Could not terminate **/home/ray/anaconda3/bin/python -u /home/ray/anaconda3/lib/python3.7/site-packages/ray/new_dashboard/agent.py --node-ip-address=10.138.0.2 --redis-address=10.138.0.2:6379 --metrics-export-port=55267 --dashboard-agent-port=56424 --node-manager-port=34998 --object-store-name=/tmp/ray/session_2021-02-24_16-25-42_086193_4322/sockets/plasma_store --raylet-name=/tmp/ray/session_2021-02-24_16-25-42_086193_4322/sockets/raylet --temp-dir=/tmp/ray --log-dir=/tmp/ray/session_2021-02-24_16-25-42_086193_4322/logs --redis-password=5241590000000000** due to psutil.AccessDenied (pid=6533, name=‘/home/ray/anaco’)

@rliaw have you seen this issue before?

It’s the first I’m trying to set up a cluster on GCP, so no, I haven’t.

Oh sorry. I was asking other guys haha (since I know he recently answer to the GCP related issue).

Also cc @Ameer_Haj_Ali

@kipnisal always feel free to ping me again if people don’t respond to you!

can you please paste the cluster yaml?
does it also happen on the ray nightly?

CC @ijrsvt, perhaps this is related to the other gpc issue?

Here is the cluster yaml:

cluster_name: default

min_workers: 3
max_workers: 4


provider:
    type: gcp
    region: us-west1
    availability_zone: us-west1-a
    project_id: slurm-experiment # Globally unique project id

auth:
    ssh_user: ubuntu

setup_commands:
  - sudo apt update
  - sudo apt-get install -y cmake
  - pip install ray[all] numpy pandas TwoSampleHC

Hi @sangcho,
I’m still struggling with this issue.
Are there any directions where to look?

Can you check if the ubuntu user has the access to this folder? ’/home/ray/anaco’

I don’t understand the question. What user? how can I check that?

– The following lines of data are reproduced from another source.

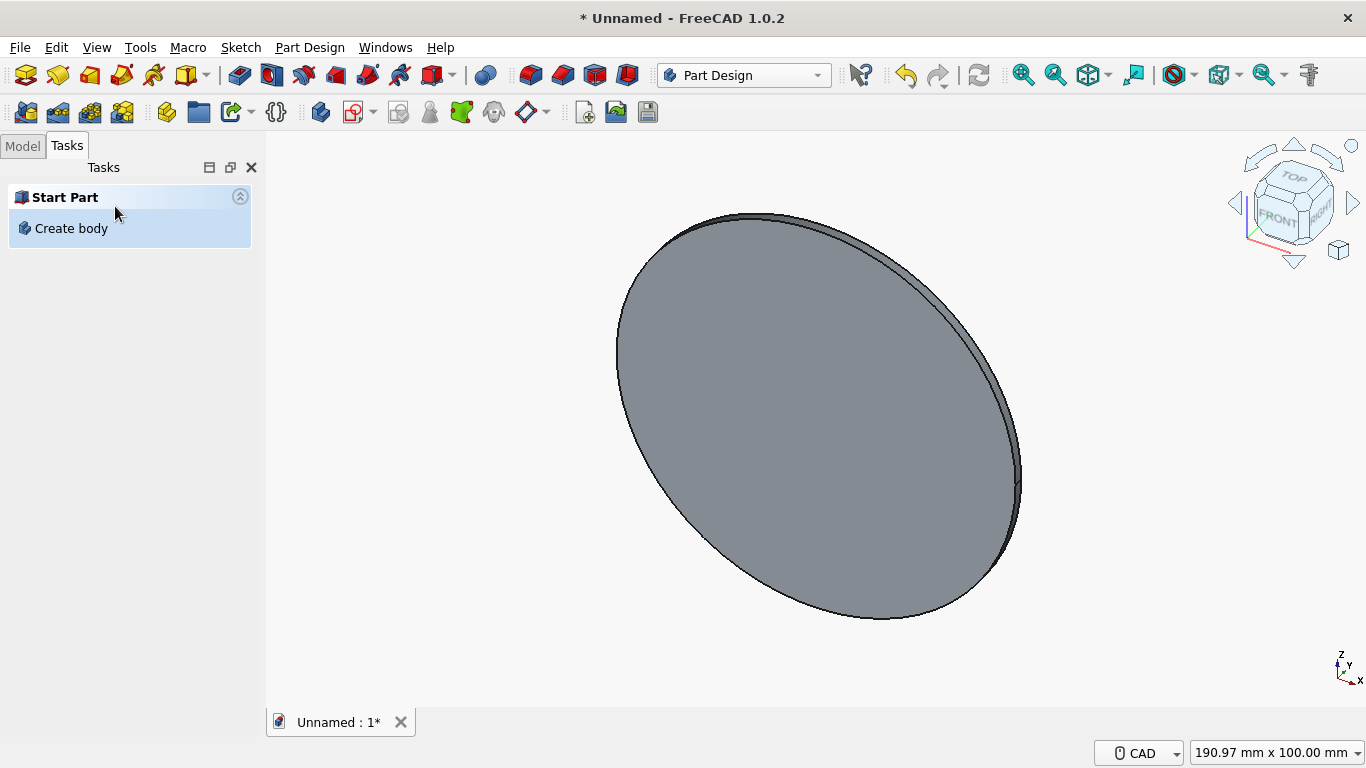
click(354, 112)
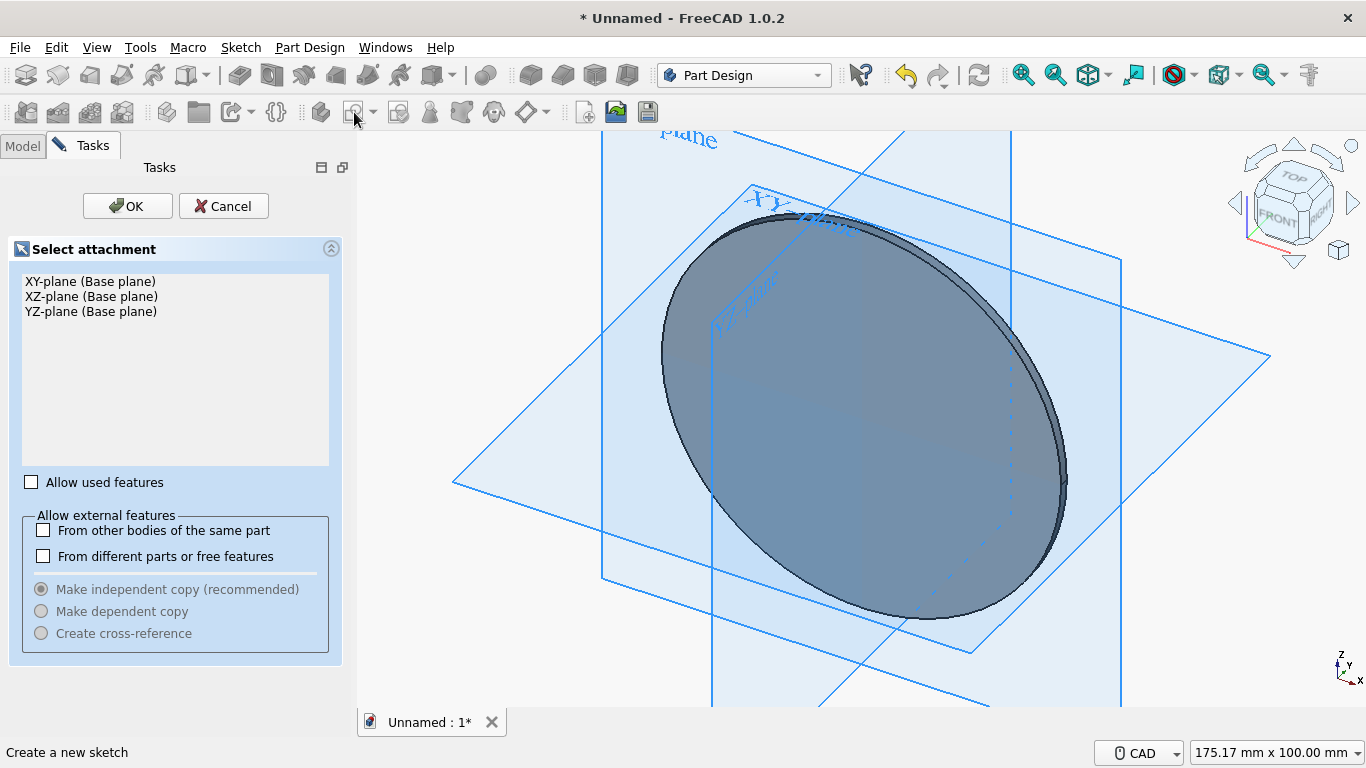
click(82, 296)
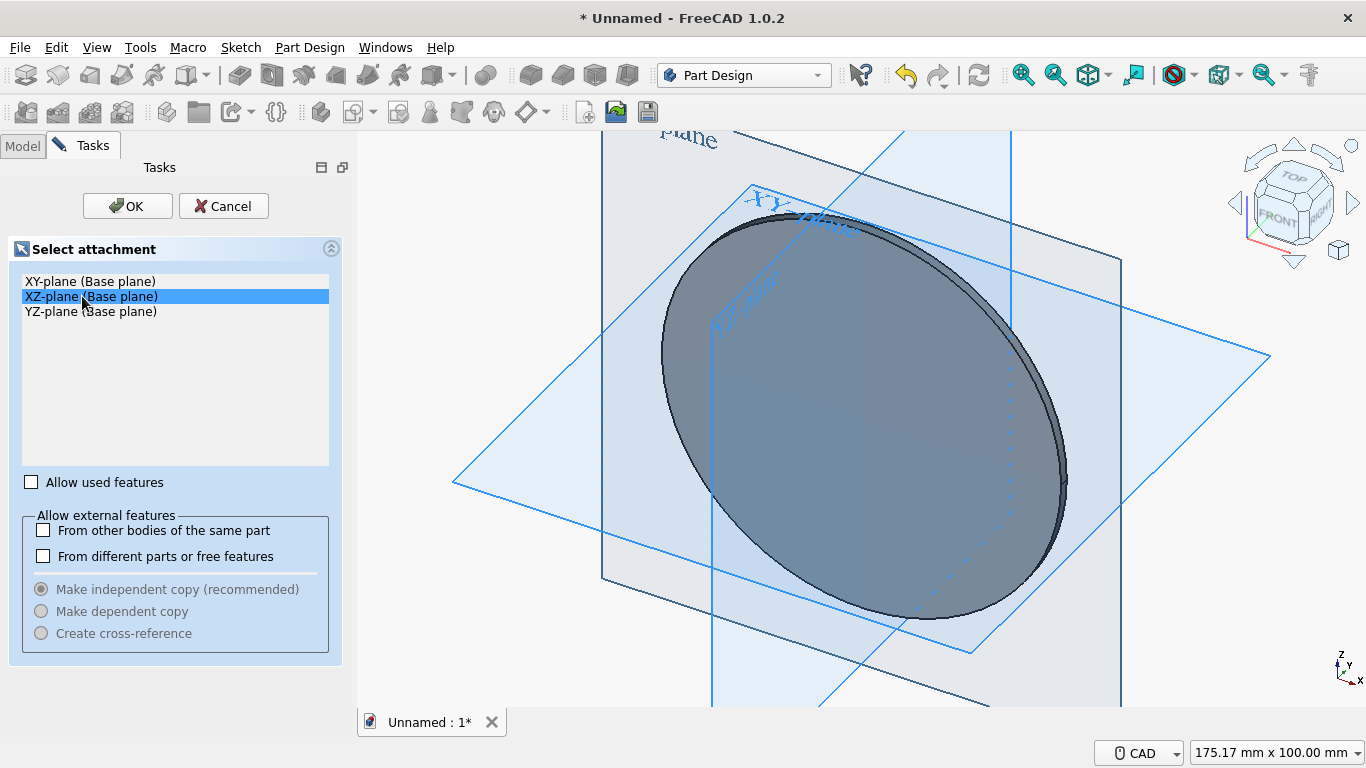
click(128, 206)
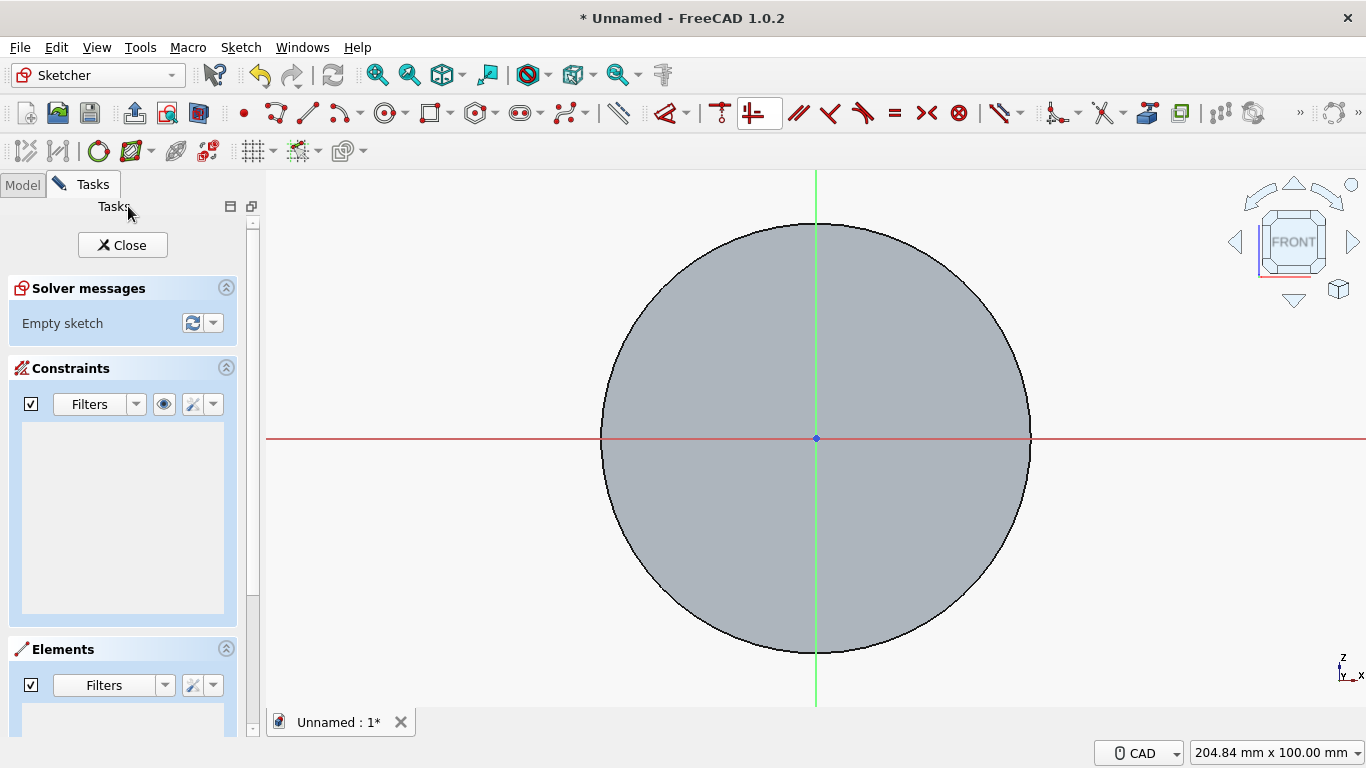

I’m trying to follow the instructions on https://docs.ray.io/en/releases-0.8.5/autoscaling.html

Below is the output of a different attempt. This time I added

docker:
  image: "kipnisal/phase_transition"
  container_name: "phase_transition_exp"
  pull_before_run: True
  run_options: []  # Extra options to pass into "docker run"

to the cluster.yaml file and removed what was under `setup_commands’ (the Docker container includes instructions to install ray and the other requirements).

[6/7] Running setup commands

(0/3) **wget https://repo.anaconda.com** ...

bash: wget: command not found

bash: /root/anaconda3.sh: No such file or directory

rm: cannot remove '/root/anaconda3.sh': No such file or directory

Shared connection to 35.203.137.46 closed.

2021-03-01 19:57:08,101 INFO node_provider.py:20 -- wait_for_compute_zone_operation: Waiting for operation operation-1614657427526-5bc85ba66d52d-91feb0eb-0eabe74f to finish...

2021-03-01 19:57:13,843 INFO node_provider.py:32 -- wait_for_compute_zone_operation: Operation operation-1614657427526-5bc85ba66d52d-91feb0eb-0eabe74f finished.

New status: **update-failed**

!!!

SSH command failed.

!!!

Failed to setup head node.

zsh: exit 1 ray up cluster.yaml

What is unclear to me is why ray is looking for anaconda?

I asked due to this line;

If you launch the autoscaler, the node’s user is ubuntu. (Look at your cluster.yaml)

auth:
    ssh_user: ubuntu

And it seems like this ssh user doesn’t have access to the folder /home/ray/anaco in a glance.

Also, what version of ray are you using? Also, @Dmitri @Ameer_Haj_Ali can you guys handle this issue?

This is suboptimal behavior…
It’s happening because setup commands are getting pulled from here:

I’d actually recommend taking a look at this file as a starting point and modifying to suit your use-case:

Also, if you could post an issue on the Ray github with the last error message you saw, that would be very helpful.